In [1]:
# KorQuAD데이터셋을 활용해 Generation-based MRC를 이해하고 huggingface 라이브러리를 활용해 데이터 전치리와 모델 학습 및 평가

# 필요한 패키지 설치

In [2]:
!pip install datasets
!pip install transformers
!pip install sentencepiece
!pip install evaluate
!pip install nltk



In [3]:
from datasets import load_dataset
from evaluate import load
import nltk
nltk.download('punkt_tab')
nltk.download('punkt')

dataset = load_dataset("squad_kor_v1")
metrics = load("squad")

[nltk_data] Downloading package punkt_tab to /root/nltk_data...
[nltk_data]   Package punkt_tab is already up-to-date!
[nltk_data] Downloading package punkt to /root/nltk_data...
[nltk_data]   Package punkt is already up-to-date!
The secret `HF_TOKEN` does not exist in your Colab secrets.
To authenticate with the Hugging Face Hub, create a token in your settings tab (https://huggingface.co/settings/tokens), set it as secret in your Google Colab and restart your session.
You will be able to reuse this secret in all of your notebooks.
Please note that authentication is recommended but still optional to access public models or datasets.

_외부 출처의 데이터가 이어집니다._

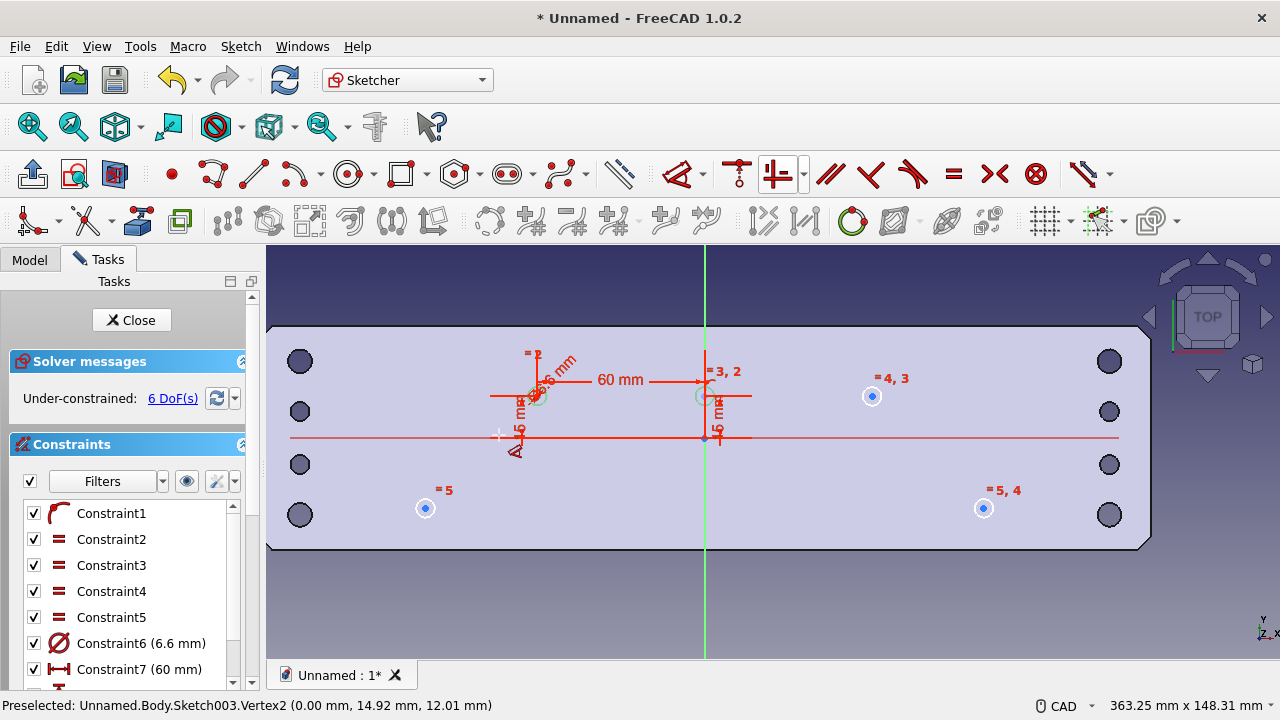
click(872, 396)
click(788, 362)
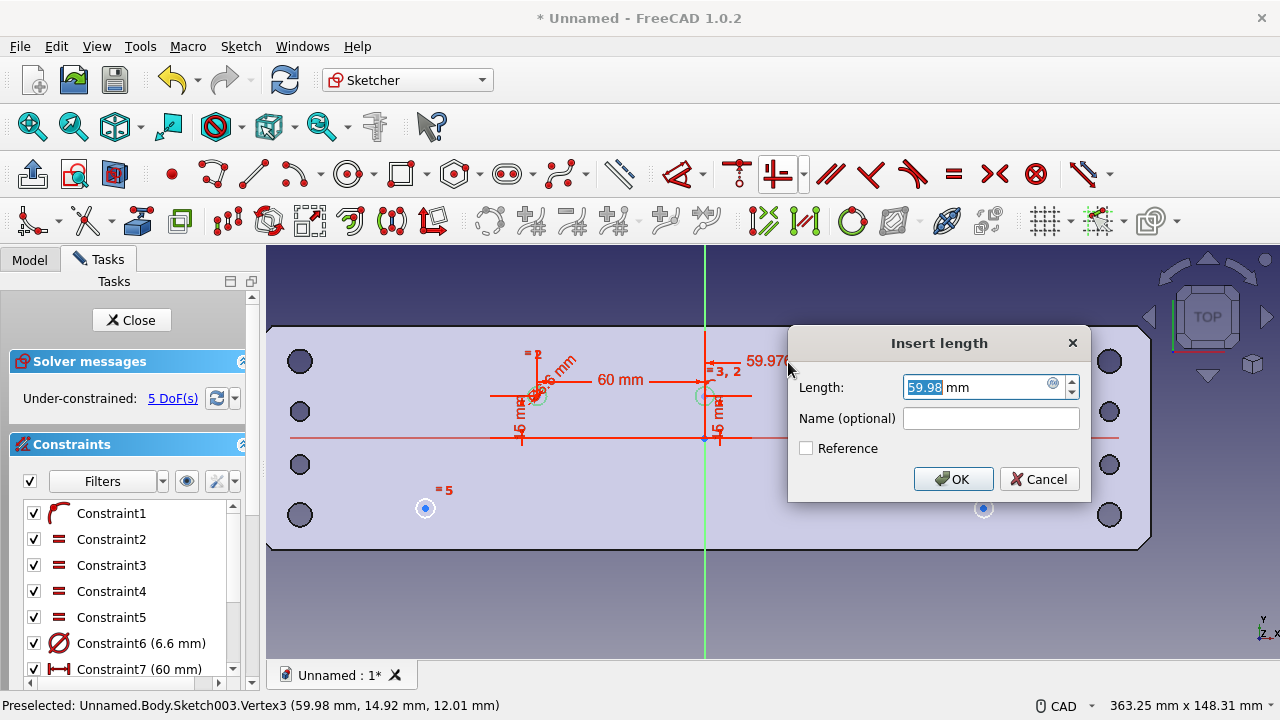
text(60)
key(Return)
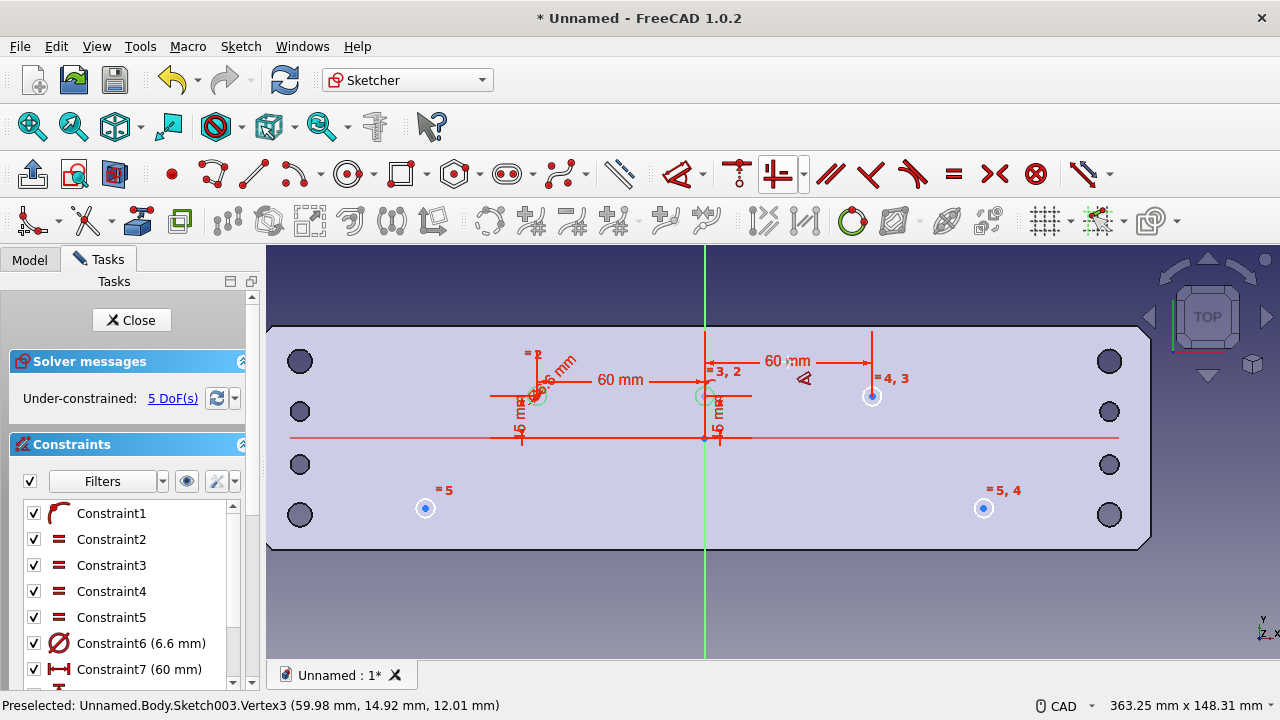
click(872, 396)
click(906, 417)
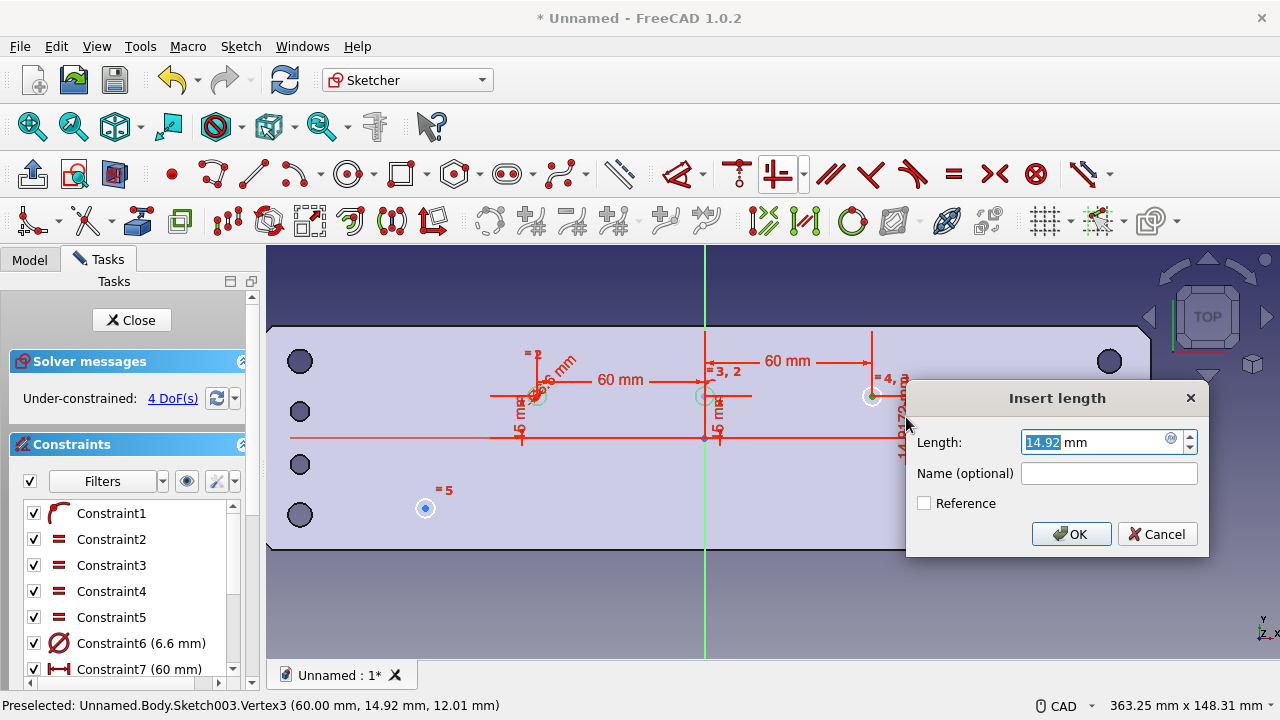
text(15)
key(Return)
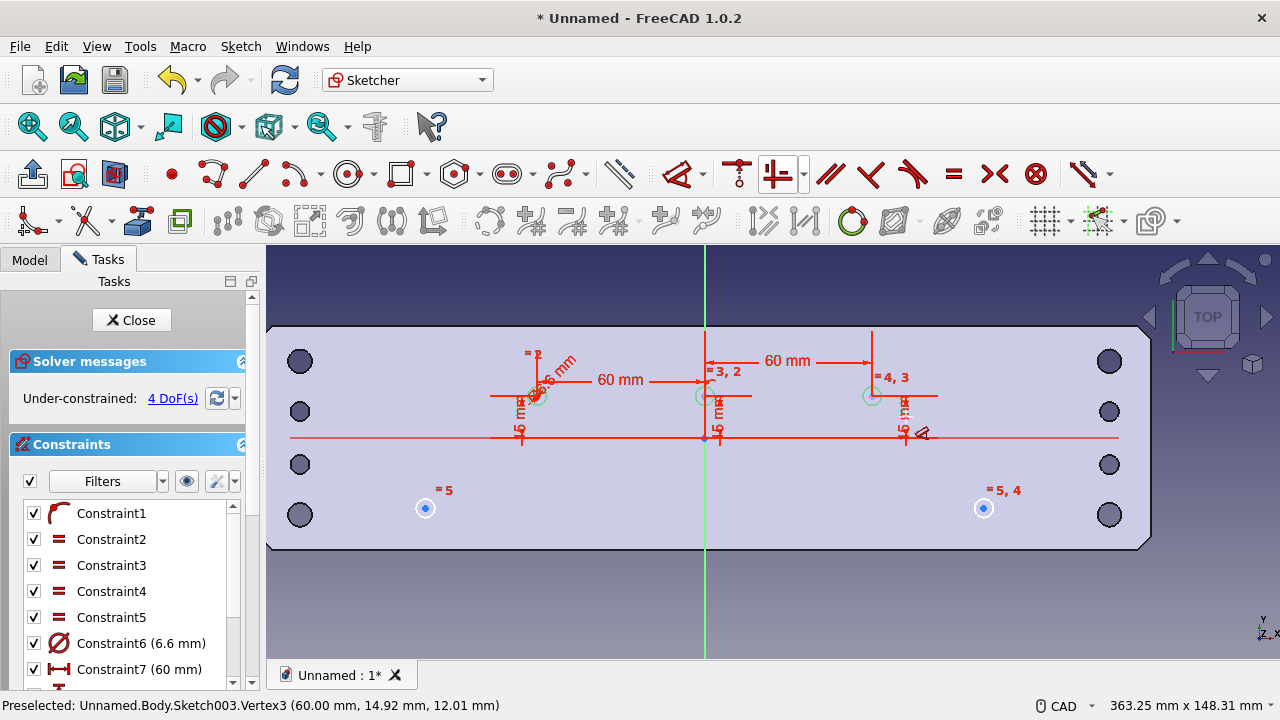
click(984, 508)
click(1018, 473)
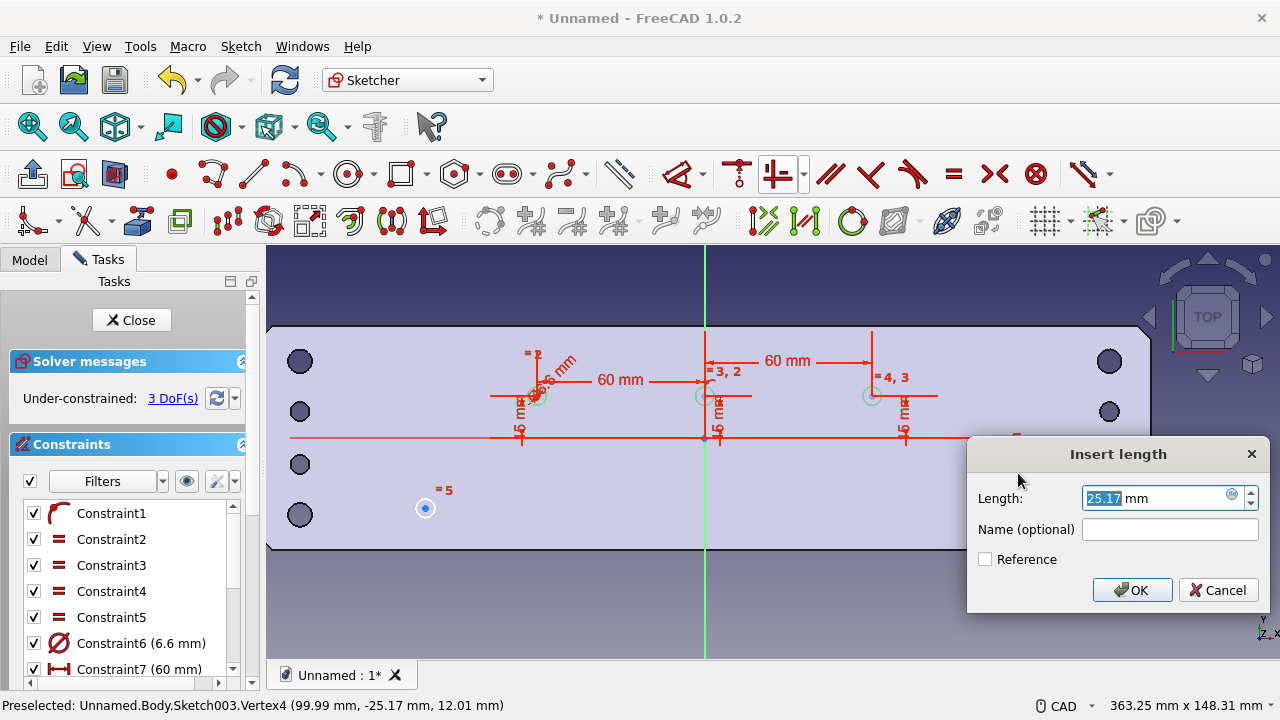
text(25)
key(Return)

# Pre-trained 모델 및 토크나이저 불러오기

eneration-based MRC에서 사용하게될 모델은 Extraction-based MRC와는 다르게 T5 모델을 활용

T5 모델은 Seq2Seq모델이고 Text를 입력으로 받아서 Text를 출력하는 모델

In [4]:
from transformers import (
    AutoConfig,
    AutoModelForSeq2SeqLM,
    AutoTokenizer
)

In [45]:
model_name = "google/mt5-small"

In [46]:
config = AutoConfig.from_pretrained(
    model_name,
    cache_dir=None,
)
tokenizer = AutoTokenizer.from_pretrained(
    model_name,
    cache_dir=None,
    use_fast=True,
)
model = AutoModelForSeq2SeqLM.from_pretrained(
    model_name,
    config=config,
    cache_dir=None,
)



In [47]:
max_source_length = 1024
max_target_length = 128
padding = False
preprocessing_num_workers = 12
num_beams = 2
max_train_samples = 16
max_val_samples = 16
num_train_epochs = 3

# 전처리하기

T5의 Text-to-Text format을 위한 전처리 함수

In [48]:
def preprocess_function(examples):
    inputs = [f'question: {q}  context: {c} </s>' for q, c in zip(examples['question'], examples['context'])]
    targets = [f'{a["text"][0]} </s>' for a in examples['answers']]
    model_inputs = tokenizer(inputs, max_length=max_source_length, padding=padding, truncation=True)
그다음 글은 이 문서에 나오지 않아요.